Traditionally, the workflow of research scientist has typically consisted of the following steps: (1) researching literature, (2) formulating hypothesis, (3) performing measurements, (4) evaluating data, and (5) publishing the results. If the fifth step is repeatedly unsuccessful, scientists in today’s research environment cannot pursue a successful career. In part due to this pressure to successfully publish, there are regular occurrences of scientists only reporting positive experimental outcomes, or pruning their data – i.e., attempting to manipulate steps 3 and 4 of the research cycle – in order to publish more successfully [5, 6]. In contrast to traditional science, which has typically been performed behind closed doors, today’s open-science movement has encouraged and facilitated the publishing of measurements (Goal A of open science). In particular, Goal A has introduced new challenges for digital libraries.
Performing research according to open science principles  provides at least two significant advantages. First, retrospective data pruning or manipulation can become detectable, and second, other researchers may be able to obtain additional results and reuse datasets for new purposes without the time-consuming measurement step. Another component of the open-science movement is a blurring of the barrier between scientists and citizens by enabling an inclusion of any interested community in so-called ‘citizen science projects’ (Goal B of open science).

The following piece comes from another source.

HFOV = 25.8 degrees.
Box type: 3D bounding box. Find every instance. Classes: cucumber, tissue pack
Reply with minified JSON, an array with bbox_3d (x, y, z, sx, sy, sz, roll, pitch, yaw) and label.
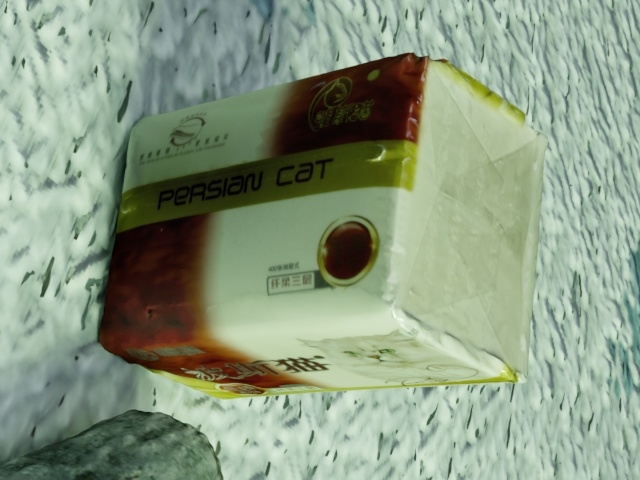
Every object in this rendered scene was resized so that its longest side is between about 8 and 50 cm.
[{"bbox_3d":[-0.083,0.099,0.494,0.112,0.064,0.064,-23,101,-50],"label":"cucumber"},{"bbox_3d":[-0.001,0.000,0.545,0.099,0.148,0.106,29,61,-45],"label":"tissue pack"}]

Currently, there is no agreement among scientists on any standardized procedures for reviewing openly available datasets in a way that could be analogous to today’s literature-assessment process. Methods for researching and reviewing scientific literature by combining content-based assessments and bibliometric measures are well established for traditional publications. While bibliometric measures could also be applied to datasets when these are citable, a content-based assessment based on the raw data hardly seems possible. In contrast to the authenticity of physical analytes which can be assayed using forensic methods, digital datasets are of a fundamentally different nature and their quality and integrity cannot be assessed by other researchers post creation.
In contrast, digital measurements of real-world phenomena are a snapshot of a state at a particular time, which is as accurate as the capturing technology at that given moment. After the information is digitized, there is no way to capture additional information that could be used by future technology to evaluate the authenticity of the data. Therefore, scientists could benefit from a method to ensure the trustworthiness of sensor data immediately as it is generated by a measurement device (challenge I).
Regarding challenge I, the law of large numbers suggests that if the same experiments are repeated over and again, the average results will be close to the expected outcome. Thus, by distributing the measurements in a citizen science fashion (goal B) to different parties’ errors due to measurement equipment malfunction, and even fraudulent intentions (as long as they do not collude) will average out. Systematic data manipulation becomes more difficult, since multiple independent players would need to be corrupt.
The trustworthiness of data measurements concerns the following aspects: (1) well-defined error estimates, (2) accurate meta-data, (3) high redundancy, (4) adequate sampling rate, (5) confirmation of all currently known physical laws. At the same time, researchers would benefit from a method to guarantee the immutability and durability of time-series research data (challenge II). We suggest that challenge II could be addresses by a technical solution that enables data to be protected against subsequent manipulation through cryptographic hashing and blockchain technology (BT), including decentralized trusted timestamping using blockchain . The tamper-proof nature of BT could be used to, for the first time, ensure the permanent immutability of time-series data in the digital era.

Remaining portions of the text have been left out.